The process can be divided into three core phases of activity:

Phase one: Pre-deal
This is about finding the right fit. A strategic options analysis involving a market review and mapping of the brand positioning of key players in the market together with an assessment of your own firm’s brand strengths should be conducted to identify target candidates. An initial assessment should be made of potential brand synergies such as market coverage, technical expertise and capabilities, culture and reputation.

Phase two: In-deal
Once in-deal, a fuller due diligence process can take place. This should involve a review of the target firm’s corporate and employer brand data, as well as a review of employee engagement data including internal engagement surveys, new joiner and exit surveys. If not available, independent client research should also be conducted to validate the firm’s brand reputation and levels of client satisfaction. The assessment should also examine and compare the documented brand strategy and plans for both firms to identify gaps in alignment as well as new opportunities.

Ahead of the deal completion, scenario planning can help to evaluate the optimum brand strategy.

As the deal draws towards completion, work should be undertaken on articulating the shared vision and values, defining the brand positioning for the new firm and if appropriate developing the new brand identity, ready to launch on day one.

Phase three: Post deal
Post-deal the focus is on value extraction through tight implementation of the customer facing brand and employer brand and engagement strategy. Here it is vital that everyone is working to common objectives and KPIs, already agreed in the previous phase. A clear strategic brand focus not only helps focus effort in the right place, it also helps win the confidence of the marketers from all sides. And clear objectives help remove the politics from the task.

It is a highly involved process, but it’s much cheaper than the cost of failure.

What is the optimum brand strategy

Traditionally the merger of professional services firms has resulted in the conjunction of all the firms’ names, often leading to an unwieldy three- or four-part name. The intent being to support buy-in from all sides. But is it always right to keep both brands in play? And what do you do if there is a second, third or fourth merger planned down the line?

The impracticality of managing a long name in the digital age is forcing professional bands to reconsider their approach.

We have already witnessed the big four accounting networks truncating their brands to either a single name or set of initials.
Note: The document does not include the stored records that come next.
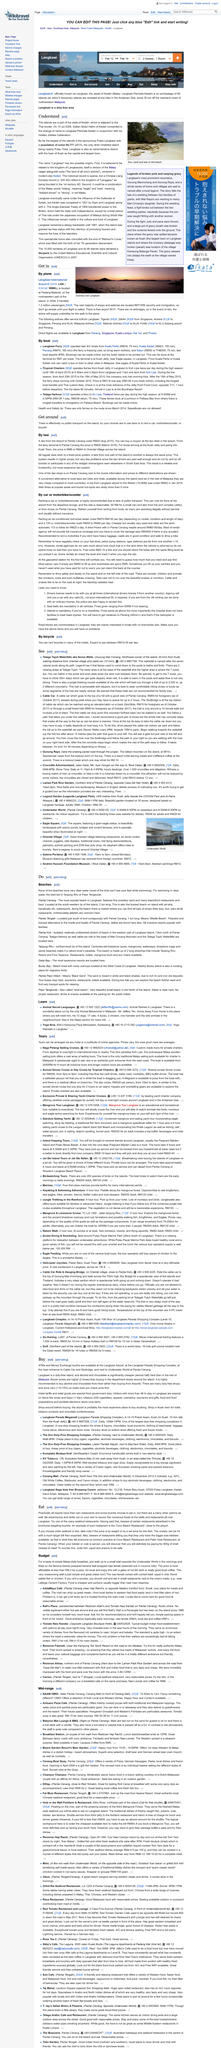List a handful of essential elements in this visual. Langkawi is an administrative district. What is the capital of Langkawi? It is Kuah. The largest island that is part of the state of Kedah is Pulau Langkawi. 
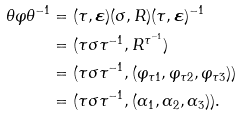Convert formula to latex. <formula><loc_0><loc_0><loc_500><loc_500>\theta \varphi \theta ^ { - 1 } & = ( \tau , \boldsymbol \varepsilon ) ( \sigma , R ) ( \tau , \boldsymbol \varepsilon ) ^ { - 1 } \\ & = ( \tau \sigma \tau ^ { - 1 } , R ^ { \tau ^ { - 1 } } ) \\ & = ( \tau \sigma \tau ^ { - 1 } , ( \varphi _ { \tau 1 } , \varphi _ { \tau 2 } , \varphi _ { \tau 3 } ) ) \\ & = ( \tau \sigma \tau ^ { - 1 } , ( \alpha _ { 1 } , \alpha _ { 2 } , \alpha _ { 3 } ) ) .</formula> 
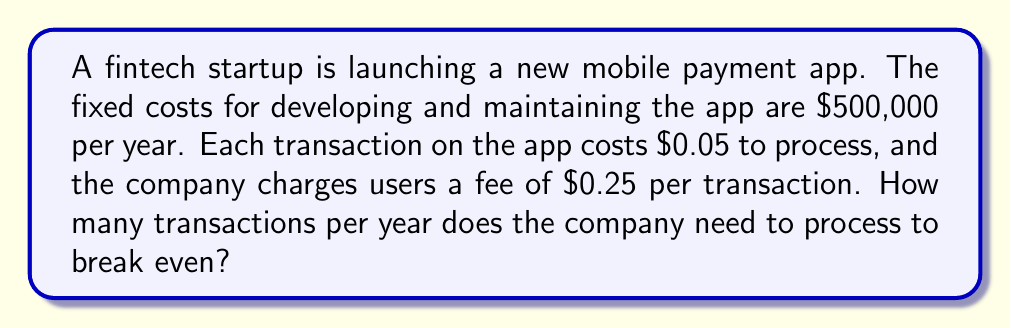Help me with this question. To solve this problem, we need to use the break-even formula:

$$\text{Break-even point} = \frac{\text{Fixed Costs}}{\text{Price per unit - Variable Cost per unit}}$$

Let's identify the components:

1. Fixed Costs (FC) = $500,000 per year
2. Price per unit (P) = $0.25 per transaction
3. Variable Cost per unit (VC) = $0.05 per transaction

Now, let's plug these values into the formula:

$$\text{Break-even point} = \frac{500,000}{0.25 - 0.05}$$

$$\text{Break-even point} = \frac{500,000}{0.20}$$

$$\text{Break-even point} = 2,500,000$$

Therefore, the company needs to process 2,500,000 transactions per year to break even.

To verify:
Revenue = 2,500,000 × $0.25 = $625,000
Variable Costs = 2,500,000 × $0.05 = $125,000
Fixed Costs = $500,000

Total Costs = Variable Costs + Fixed Costs = $125,000 + $500,000 = $625,000

Revenue = Total Costs, confirming the break-even point.
Answer: 2,500,000 transactions 
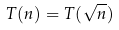Convert formula to latex. <formula><loc_0><loc_0><loc_500><loc_500>T ( n ) = T ( \sqrt { n } )</formula> 
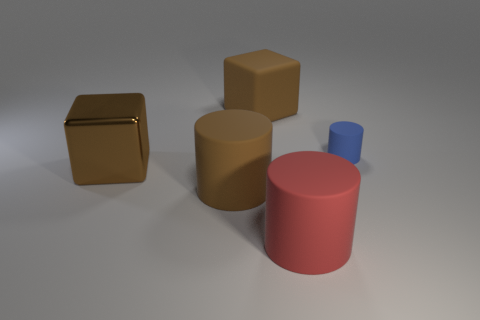Are there any other things that have the same size as the blue matte cylinder?
Give a very brief answer. No. There is a matte thing behind the small blue rubber cylinder; does it have the same shape as the metal object?
Your answer should be compact. Yes. Are there any blue cylinders?
Provide a succinct answer. Yes. Is the number of big cubes that are to the left of the brown matte block greater than the number of small red shiny objects?
Keep it short and to the point. Yes. There is a metallic cube; are there any blocks to the right of it?
Your answer should be compact. Yes. Does the blue cylinder have the same size as the red rubber cylinder?
Offer a terse response. No. What size is the rubber object that is the same shape as the big brown metal object?
Give a very brief answer. Large. The block behind the cylinder to the right of the red rubber cylinder is made of what material?
Offer a terse response. Rubber. Does the blue thing have the same shape as the big brown metal object?
Give a very brief answer. No. How many things are on the right side of the big brown matte block and behind the big metal thing?
Provide a succinct answer. 1.

The merger of Allen & Overy and Shearman & Sterling will become A&O Sherman. The use of initials makes the brand shorter, and it is a fair bet that the Sherman name will be dropped in time once the merger is understood in the market.

The three-way merger of CMS, Nabarro and Olswang trades under the shorter CMS.

Typical of a more acquisitive firm with a dominant brand, Birketts has fully absorbed its acquired brands, avoiding any dilution of the Birketts’ brand or issues with future acquisitions.

When Taylor Vinters became part of Michcon de Reya Group, instead of being fully absorbed, it kept its distinct proposition alive under the new sub-brand Mischon Future.

More unusually for a professional services firm, wealth manager Tilney’s acquisition of Smith & Williamson resulted in a new brand name, Evelyn. The brand name change, as the CEO stated, “reflects that we are one firm united by our purpose – to place the power of good advice into more hands.”

These are promising signs that professional services firms are now taking a more considered and creative approach to the integration of brands. We will know when brand has come fully of age, when it is considered a step earlier as part of the pre-deal assessment ranking alongside financial due diligence.